Start of Block
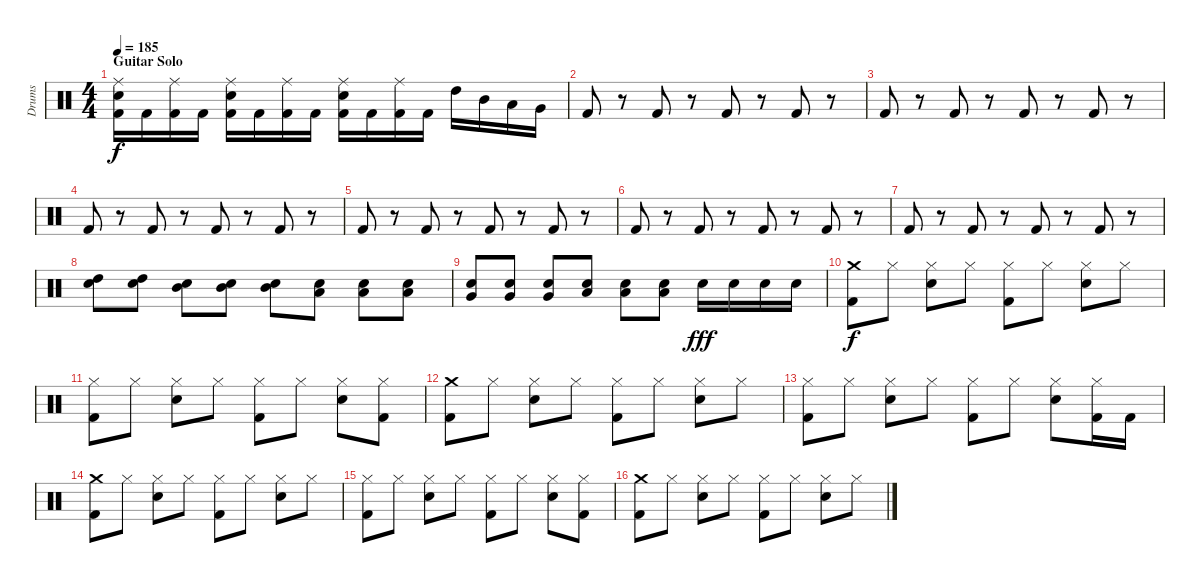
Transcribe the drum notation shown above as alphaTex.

\track ("Drums" "Drums") {instrument percussion}
\staff {score}
\articulation defaults
\ts (4 4)
\section ("" "Guitar Solo")
\tempo 185
\clef neutral
\ks c
("Ride (middle)" "Electric Snare (hit)" "Kick (hit) 2").16{dy f} "Kick (hit) 2".16 ("Ride (middle)" "Kick (hit) 2").16 "Kick (hit) 2".16 ("Ride (middle)" "Electric Snare (hit)" "Kick (hit) 2").16 "Kick (hit) 2".16 ("Ride (middle)" "Kick (hit) 2").16 "Kick (hit) 2".16 ("Ride (middle)" "Electric Snare (hit)" "Kick (hit) 2").16 "Kick (hit) 2".16 ("Ride (middle)" "Kick (hit) 2").16 "Kick (hit) 2".16 "High Tom (hit)".16 "Mid Tom (hit)".16 "Low Tom (hit)".16 "Very Low Tom (hit)".16 |
"Kick (hit) 2".8 r.8 "Kick (hit) 2".8 r.8 "Kick (hit) 2".8 r.8 "Kick (hit) 2".8 r.8 |
"Kick (hit) 2".8 r.8 "Kick (hit) 2".8 r.8 "Kick (hit) 2".8 r.8 "Kick (hit) 2".8 r.8 |
"Kick (hit) 2".8 r.8 "Kick (hit) 2".8 r.8 "Kick (hit) 2".8 r.8 "Kick (hit) 2".8 r.8 |
"Kick (hit) 2".8 r.8 "Kick (hit) 2".8 r.8 "Kick (hit) 2".8 r.8 "Kick (hit) 2".8 r.8 |
"Kick (hit) 2".8 r.8 "Kick (hit) 2".8 r.8 "Kick (hit) 2".8 r.8 "Kick (hit) 2".8 r.8 |
"Kick (hit) 2".8 r.8 "Kick (hit) 2".8 r.8 "Kick (hit) 2".8 r.8 "Kick (hit) 2".8 r.8 |
("High Tom (hit)" "Electric Snare (hit)").8 ("High Tom (hit)" "Electric Snare (hit)").8 ("Mid Tom (hit)" "Electric Snare (hit)").8 ("Mid Tom (hit)" "Electric Snare (hit)").8 ("Mid Tom (hit)" "Electric Snare (hit)").8 ("Low Tom (hit)" "Electric Snare (hit)").8 ("Low Tom (hit)" "Electric Snare (hit)").8 ("Low Tom (hit)" "Electric Snare (hit)").8 |
("Very Low Tom (hit)" "Electric Snare (hit)").8 ("Very Low Tom (hit)" "Electric Snare (hit)").8 ("Very Low Tom (hit)" "Electric Snare (hit)").8 ("Low Floor Tom (hit)" "Electric Snare (hit)").8 ("Low Floor Tom (hit)" "Electric Snare (hit)").8 ("Low Floor Tom (hit)" "Electric Snare (hit)").8 "Electric Snare (hit)".16{dy fff} "Electric Snare (hit)".16 "Electric Snare (hit)".16 "Electric Snare (hit)".16 |
("Crash medium (hit)" "Kick (hit) 2").8{dy f} "Hi-Hat (closed)".8 ("Hi-Hat (closed)" "Electric Snare (hit)").8 "Hi-Hat (closed)".8 ("Hi-Hat (closed)" "Kick (hit) 2").8 "Hi-Hat (closed)".8 ("Hi-Hat (closed)" "Electric Snare (hit)").8 "Hi-Hat (closed)".8 |
("Hi-Hat (closed)" "Kick (hit) 2").8 "Hi-Hat (closed)".8 ("Hi-Hat (closed)" "Electric Snare (hit)").8 "Hi-Hat (closed)".8 ("Hi-Hat (closed)" "Kick (hit) 2").8 "Hi-Hat (closed)".8 ("Hi-Hat (closed)" "Electric Snare (hit)").8 ("Hi-Hat (closed)" "Kick (hit) 2").8 |
("Crash medium (hit)" "Kick (hit) 2").8 "Hi-Hat (closed)".8 ("Hi-Hat (closed)" "Electric Snare (hit)").8 "Hi-Hat (closed)".8 ("Hi-Hat (closed)" "Kick (hit) 2").8 "Hi-Hat (closed)".8 ("Hi-Hat (closed)" "Electric Snare (hit)").8 "Hi-Hat (closed)".8 |
("Hi-Hat (closed)" "Kick (hit) 2").8 "Hi-Hat (closed)".8 ("Hi-Hat (closed)" "Electric Snare (hit)").8 "Hi-Hat (closed)".8 ("Hi-Hat (closed)" "Kick (hit) 2").8 "Hi-Hat (closed)".8 ("Hi-Hat (closed)" "Electric Snare (hit)").8 ("Hi-Hat (closed)" "Kick (hit) 2").16 "Kick (hit) 2".16 |
("Crash medium (hit)" "Kick (hit) 2").8 "Hi-Hat (closed)".8 ("Hi-Hat (closed)" "Electric Snare (hit)").8 "Hi-Hat (closed)".8 ("Hi-Hat (closed)" "Kick (hit) 2").8 "Hi-Hat (closed)".8 ("Hi-Hat (closed)" "Electric Snare (hit)").8 "Hi-Hat (closed)".8 |
("Hi-Hat (closed)" "Kick (hit) 2").8 "Hi-Hat (closed)".8 ("Hi-Hat (closed)" "Electric Snare (hit)").8 "Hi-Hat (closed)".8 ("Hi-Hat (closed)" "Kick (hit) 2").8 "Hi-Hat (closed)".8 ("Hi-Hat (closed)" "Electric Snare (hit)").8 ("Hi-Hat (closed)" "Kick (hit) 2").8 |
("Crash medium (hit)" "Kick (hit) 2").8 "Hi-Hat (closed)".8 ("Hi-Hat (closed)" "Electric Snare (hit)").8 "Hi-Hat (closed)".8 ("Hi-Hat (closed)" "Kick (hit) 2").8 "Hi-Hat (closed)".8 ("Hi-Hat (closed)" "Electric Snare (hit)").8 "Hi-Hat (closed)".8
End of Block
Across the material above, how many lines include the string "medium"? Only the number is wanted.

4